MLA for Inkster
- In office 1981–1988
- Preceded by: Sidney Green
- Succeeded by: Kevin Lamoureux

Personal details
- Born: August 5, 1948 (age 77) Liverpool, Nova Scotia, Canada
- Party: New Democratic Party of Manitoba Green

= Don Scott (Manitoba politician) =

Canadian politician

Donald Arthur Scott (born August 5, 1948) is a former politician from Manitoba, Canada. He was the New Democratic Party of Manitoba (NDP) member of the Manitoba legislature from 1981 to 1988.

The son of Donald Alexander Scott and Mary Enid, he was raised in Liverpool, Nova Scotia, and attended a number of higher-learning institutions, including St. Francis Xavier University in Antigonish, Nova Scotia, Carleton University in Ottawa, Ontario, the University of Winnipeg and the University of Manitoba. He worked as a financial-government analyst, and at one stage worked for the Auditor General of Canada. Scott also held membership in a number of environmentally-oriented groups, including the Naturalists Society and the Solar Energy Society of Canada.

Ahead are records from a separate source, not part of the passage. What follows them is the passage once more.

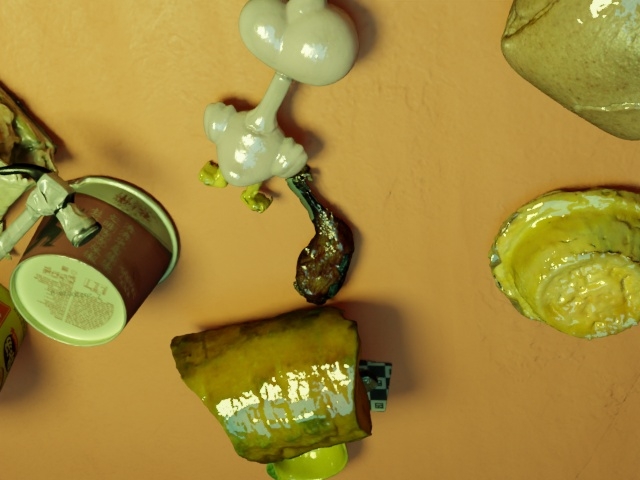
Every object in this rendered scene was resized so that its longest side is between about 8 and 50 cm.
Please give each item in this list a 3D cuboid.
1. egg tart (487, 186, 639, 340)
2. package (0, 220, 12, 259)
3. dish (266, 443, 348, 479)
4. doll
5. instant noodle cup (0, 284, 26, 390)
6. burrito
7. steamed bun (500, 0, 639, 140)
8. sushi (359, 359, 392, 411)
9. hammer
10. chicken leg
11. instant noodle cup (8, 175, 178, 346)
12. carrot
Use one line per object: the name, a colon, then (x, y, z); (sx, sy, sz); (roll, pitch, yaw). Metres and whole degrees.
egg tart: (0.396, 0.047, 1.029); (0.288, 0.118, 0.288); (6, 127, 9)
package: (-0.556, -0.005, 1.168); (0.059, 0.029, 0.083); (6, 116, 12)
dish: (-0.025, 0.405, 1.363); (0.148, 0.080, 0.207); (33, 122, -20)
doll: (-0.064, -0.193, 0.926); (0.160, 0.094, 0.365); (28, 123, -1)
instant noodle cup: (-0.674, 0.195, 1.209); (0.311, 0.222, 0.312); (3, 127, 4)
burrito: (-0.555, -0.082, 1.045); (0.331, 0.135, 0.190); (-34, 113, 28)
steamed bun: (0.361, -0.241, 0.743); (0.251, 0.199, 0.301); (25, 135, -20)
sushi: (0.028, 0.277, 1.292); (0.200, 0.031, 0.139); (6, 127, 4)
hammer: (-0.486, 0.063, 0.970); (0.152, 0.044, 0.427); (46, 107, 0)
chicken leg: (0.000, 0.000, 1.086); (0.105, 0.051, 0.253); (3, 123, 12)
instant noodle cup: (-0.361, 0.042, 1.083); (0.234, 0.179, 0.235); (5, 126, 6)
carrot: (-0.067, 0.241, 1.151); (0.340, 0.242, 0.242); (-15, 123, 15)
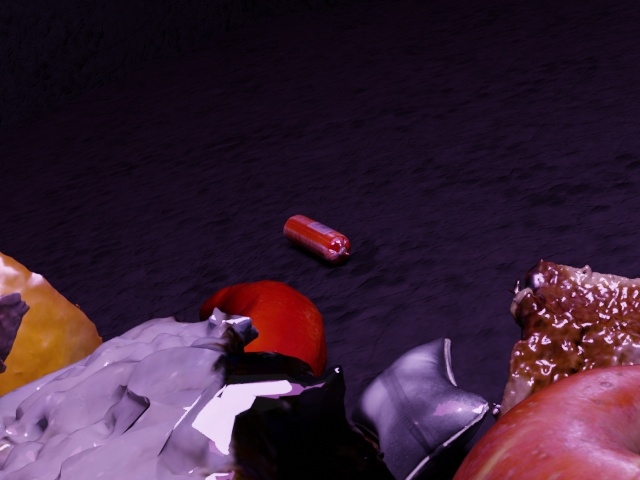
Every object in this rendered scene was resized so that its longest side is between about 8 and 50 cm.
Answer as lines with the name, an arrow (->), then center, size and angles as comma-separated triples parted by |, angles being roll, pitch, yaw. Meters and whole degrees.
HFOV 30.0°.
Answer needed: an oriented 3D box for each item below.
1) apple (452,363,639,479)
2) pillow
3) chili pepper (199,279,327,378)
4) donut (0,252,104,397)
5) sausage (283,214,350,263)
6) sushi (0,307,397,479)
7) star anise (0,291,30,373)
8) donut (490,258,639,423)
apple -> 0.149, 0.152, 0.530 | 0.201, 0.162, 0.201 | -3, 19, 1
pillow -> 0.066, 0.120, 0.836 | 0.091, 0.055, 0.136 | -18, 17, 0
chili pepper -> -0.056, 0.102, 0.973 | 0.137, 0.092, 0.368 | -32, 9, 9
donut -> -0.275, 0.109, 0.834 | 0.277, 0.277, 0.108 | -4, 35, 31
sausage -> 0.000, 0.000, 1.275 | 0.034, 0.034, 0.129 | -22, 20, -19
sushi -> -0.064, 0.166, 0.559 | 0.234, 0.207, 0.348 | -25, 17, 3
star anise -> -0.212, 0.068, 0.686 | 0.124, 0.056, 0.129 | -44, 17, 17
donut -> 0.181, 0.085, 0.773 | 0.126, 0.144, 0.186 | -1, -8, 21
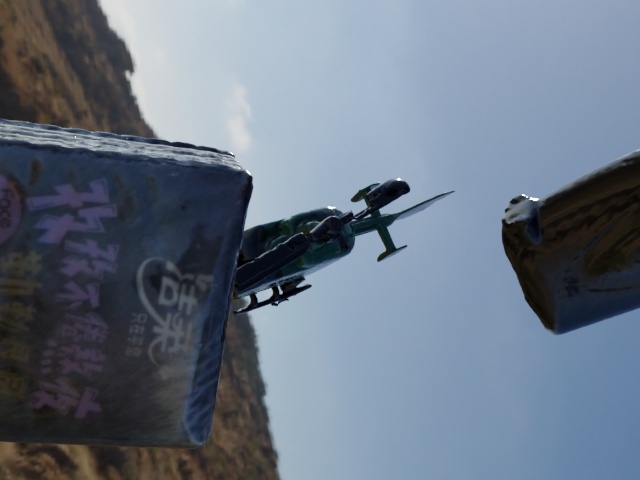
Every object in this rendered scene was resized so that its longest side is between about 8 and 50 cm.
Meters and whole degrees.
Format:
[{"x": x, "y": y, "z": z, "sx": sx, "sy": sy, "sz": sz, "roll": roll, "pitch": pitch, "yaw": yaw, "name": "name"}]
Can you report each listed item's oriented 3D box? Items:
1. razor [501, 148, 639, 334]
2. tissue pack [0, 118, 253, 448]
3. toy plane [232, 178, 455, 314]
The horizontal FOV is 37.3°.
[{"x": 0.402, "y": -0.014, "z": 1.157, "sx": 0.204, "sy": 0.349, "sz": 0.113, "roll": 61, "pitch": 19, "yaw": -25, "name": "razor"}, {"x": -0.248, "y": 0.035, "z": 0.744, "sx": 0.122, "sy": 0.361, "sz": 0.259, "roll": -127, "pitch": -134, "yaw": -64, "name": "tissue pack"}, {"x": 0.000, "y": 0.000, "z": 1.148, "sx": 0.155, "sy": 0.382, "sz": 0.106, "roll": -29, "pitch": -100, "yaw": 47, "name": "toy plane"}]

Scott was first elected to the Manitoba legislature in the Manitoba general election of 1981, in the riding of Inkster. This particular riding was notable for having been held by Sidney Green, a prominent cabinet minister in the government of NDP Premier Edward Schreyer, since 1966. Green had left the NDP in 1979, and was seeking re-election as a member of the Progressive Party of Manitoba.

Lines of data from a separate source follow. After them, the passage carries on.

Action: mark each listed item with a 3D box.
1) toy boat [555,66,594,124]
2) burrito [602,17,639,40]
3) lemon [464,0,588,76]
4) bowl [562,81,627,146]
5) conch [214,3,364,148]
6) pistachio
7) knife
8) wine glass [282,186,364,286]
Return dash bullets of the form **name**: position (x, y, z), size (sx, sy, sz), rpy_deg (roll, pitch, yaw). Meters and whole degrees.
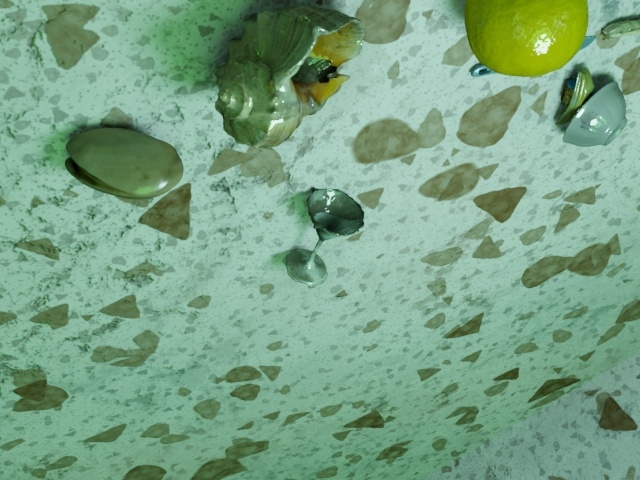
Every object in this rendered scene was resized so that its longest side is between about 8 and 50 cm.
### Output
- **toy boat**: position (0.610, -0.341, 1.948), size (0.065, 0.066, 0.172), rpy_deg (-39, 154, -29)
- **burrito**: position (0.729, -0.491, 1.848), size (0.185, 0.041, 0.045), rpy_deg (-13, -177, -13)
- **lemon**: position (0.399, -0.454, 1.575), size (0.240, 0.240, 0.219), rpy_deg (-16, 129, -8)
- **bowl**: position (0.687, -0.287, 1.972), size (0.189, 0.086, 0.189), rpy_deg (-36, 156, -19)
- **conch**: position (-0.066, -0.339, 1.526), size (0.210, 0.352, 0.297), rpy_deg (42, 132, -2)
- **pistachio**: position (-0.395, -0.152, 1.631), size (0.238, 0.153, 0.138), rpy_deg (13, 125, -1)
- **knife**: position (0.483, -0.420, 1.833), size (0.313, 0.019, 0.044), rpy_deg (-16, 139, -11)
- **wine glass**: position (0.000, 0.000, 2.002), size (0.156, 0.156, 0.232), rpy_deg (0, 141, -26)
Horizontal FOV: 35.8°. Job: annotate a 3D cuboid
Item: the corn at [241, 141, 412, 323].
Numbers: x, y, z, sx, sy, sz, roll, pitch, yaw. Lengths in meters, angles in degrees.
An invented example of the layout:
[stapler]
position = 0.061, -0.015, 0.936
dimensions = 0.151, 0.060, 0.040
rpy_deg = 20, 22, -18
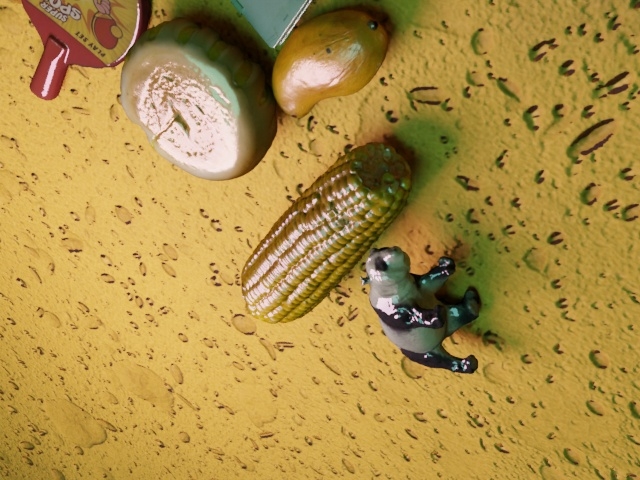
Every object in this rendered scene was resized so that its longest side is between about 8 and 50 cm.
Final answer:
[corn]
position = 0.000, 0.000, 1.279
dimensions = 0.120, 0.120, 0.363
rpy_deg = 41, 137, -4

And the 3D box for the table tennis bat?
[table tennis bat]
position = -0.326, -0.299, 1.302
dimensions = 0.200, 0.038, 0.310
rpy_deg = 39, 135, 0

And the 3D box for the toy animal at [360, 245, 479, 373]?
[toy animal]
position = 0.125, 0.084, 1.261
dimensions = 0.121, 0.093, 0.225
rpy_deg = 3, 151, 29

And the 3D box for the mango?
[mango]
position = 0.006, -0.204, 1.127
dimensions = 0.190, 0.075, 0.098
rpy_deg = -24, 100, 51

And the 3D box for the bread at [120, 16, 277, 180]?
[bread]
position = -0.145, -0.178, 1.229
dimensions = 0.213, 0.104, 0.213
rpy_deg = 19, 131, 22

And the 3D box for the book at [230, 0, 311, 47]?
[book]
position = -0.072, -0.296, 1.119
dimensions = 0.135, 0.017, 0.103
rpy_deg = 50, 139, 6
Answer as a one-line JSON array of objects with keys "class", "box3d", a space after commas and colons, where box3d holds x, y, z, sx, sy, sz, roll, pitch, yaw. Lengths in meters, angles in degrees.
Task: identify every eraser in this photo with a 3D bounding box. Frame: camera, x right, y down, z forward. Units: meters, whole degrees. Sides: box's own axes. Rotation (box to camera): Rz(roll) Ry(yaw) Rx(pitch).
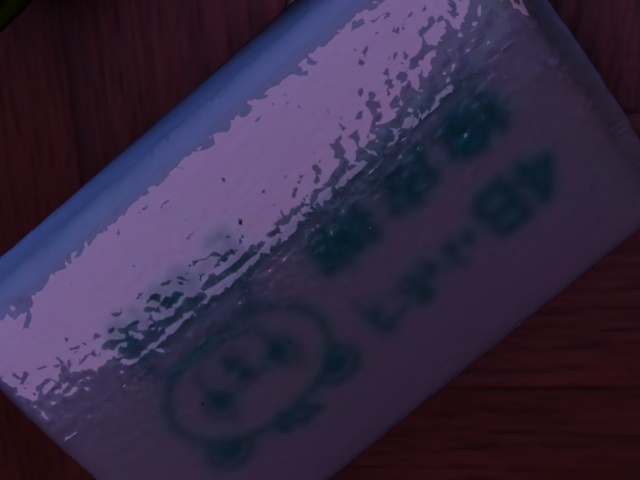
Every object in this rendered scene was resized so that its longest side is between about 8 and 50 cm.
[{"class": "eraser", "box3d": [0.000, 0.000, 0.558, 0.290, 0.104, 0.189, -41, 118, 7]}]

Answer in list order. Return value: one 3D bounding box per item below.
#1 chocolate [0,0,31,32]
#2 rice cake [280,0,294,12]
[{"class": "chocolate", "box3d": [-0.177, -0.278, 0.521, 0.301, 0.137, 0.289, 43, 108, -3]}, {"class": "rice cake", "box3d": [-0.010, -0.088, 0.597, 0.045, 0.042, 0.245, 15, 108, -8]}]

At first, the NDP wanted Roland Penner to challenge Green; Scott, a relative unknown, was drafted only after Penner declined. Nevertheless, he was elected in Inkster with a clear majority, receiving 6283 votes, as Green placed third with only 783. Following this election, the Progressive Party was no longer taken seriously as a political force.

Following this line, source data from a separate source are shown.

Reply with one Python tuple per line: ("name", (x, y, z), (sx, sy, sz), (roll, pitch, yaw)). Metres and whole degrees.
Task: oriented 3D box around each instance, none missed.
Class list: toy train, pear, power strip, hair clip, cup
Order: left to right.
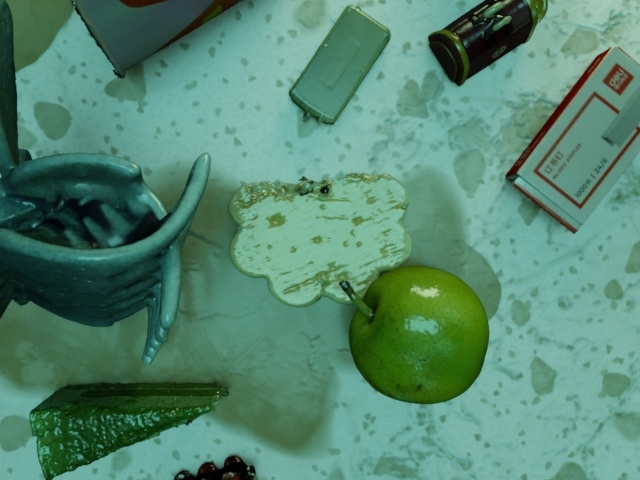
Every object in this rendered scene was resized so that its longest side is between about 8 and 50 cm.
("hair clip", (-0.273, 0.013, 0.583), (0.238, 0.318, 0.392), (13, 65, -16))
("cup", (-0.165, -0.348, 0.645), (0.288, 0.203, 0.203), (-29, 94, -6))
("toy train", (-0.151, 0.361, 0.743), (0.138, 0.050, 0.087), (-18, 97, 0))
("power strip", (0.023, -0.233, 0.725), (0.076, 0.028, 0.169), (34, 90, -3))
("pear", (0.104, 0.112, 0.668), (0.216, 0.166, 0.180), (23, 113, -27))

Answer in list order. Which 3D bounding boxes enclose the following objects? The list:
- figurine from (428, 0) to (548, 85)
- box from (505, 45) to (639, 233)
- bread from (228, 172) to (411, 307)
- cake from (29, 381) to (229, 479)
("figurine", (0.228, -0.286, 0.695), (0.154, 0.098, 0.082), (-33, 90, 3))
("box", (0.367, -0.135, 0.729), (0.123, 0.050, 0.229), (38, 91, -3))
("bread", (0.000, 0.000, 0.732), (0.251, 0.039, 0.181), (-5, 94, -2))
("cake", (-0.252, 0.217, 0.706), (0.235, 0.100, 0.099), (-21, 94, 0))
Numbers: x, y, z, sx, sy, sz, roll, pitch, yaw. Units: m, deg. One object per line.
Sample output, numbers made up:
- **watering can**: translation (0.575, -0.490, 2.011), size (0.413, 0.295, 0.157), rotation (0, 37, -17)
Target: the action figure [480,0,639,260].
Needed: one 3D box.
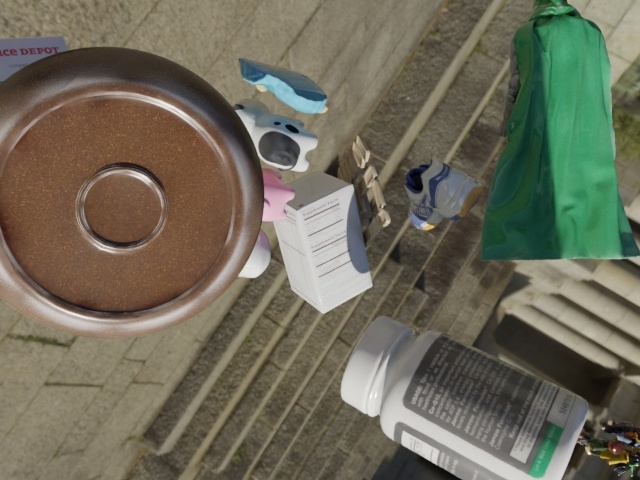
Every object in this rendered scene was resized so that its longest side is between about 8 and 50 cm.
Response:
- **action figure**: translation (0.198, -0.100, 0.488), size (0.063, 0.137, 0.232), rotation (-166, -104, -83)

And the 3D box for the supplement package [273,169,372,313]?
- **supplement package**: translation (0.000, 0.000, 1.197), size (0.134, 0.139, 0.244), rotation (-27, 122, -23)

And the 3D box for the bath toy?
- **bath toy**: translation (-0.117, -0.099, 0.912), size (0.129, 0.151, 0.348), rotation (1, 119, -40)

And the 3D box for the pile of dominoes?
- **pile of dominoes**: translation (0.096, -0.096, 1.177), size (0.040, 0.196, 0.251), rotation (-11, 168, -12)

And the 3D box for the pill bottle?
- **pill bottle**: translation (0.229, 0.276, 0.968), size (0.204, 0.361, 0.204), rotation (-45, 148, -38)

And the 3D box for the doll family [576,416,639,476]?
- **doll family**: translation (0.552, 0.364, 1.033), size (0.193, 0.076, 0.111), rotation (-13, 180, -26)

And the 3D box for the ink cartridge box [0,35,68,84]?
- **ink cartridge box**: translation (-0.436, -0.183, 0.858), size (0.092, 0.219, 0.160), rotation (-9, -169, 42)

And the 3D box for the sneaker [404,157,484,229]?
- **sneaker**: translation (0.233, -0.107, 1.220), size (0.112, 0.131, 0.296), rotation (-52, -177, -12)

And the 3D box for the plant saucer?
- **plant saucer**: translation (-0.202, -0.036, 0.590), size (0.310, 0.310, 0.050), rotation (-58, -154, 1)

Scott was re-elected without difficulty in the provincial election of 1986, defeating his nearest competitor by almost 4000 votes. In the 1988 election, however, he was upset by Liberal Kevin Lamoureux, who outpolled him by 4466 votes to 4098. The 1988 election was called after NDP backbencher Jim Walding voted against his own party's budget, causing the government to fall two years before an election would normally have been called. Scott was one of several NDP members defeated in the following campaign; his loss in a seat previously regarded as safe for the party came as a particular surprise.

Scott later moved to Victoria, British Columbia. Following the Manitoba election of 2003, he wrote an op-ed piece for the Canadian Broadcasting Corporation, acknowledging the centrist approach of Gary Doer's government while also encouraging it to invest more in social programs.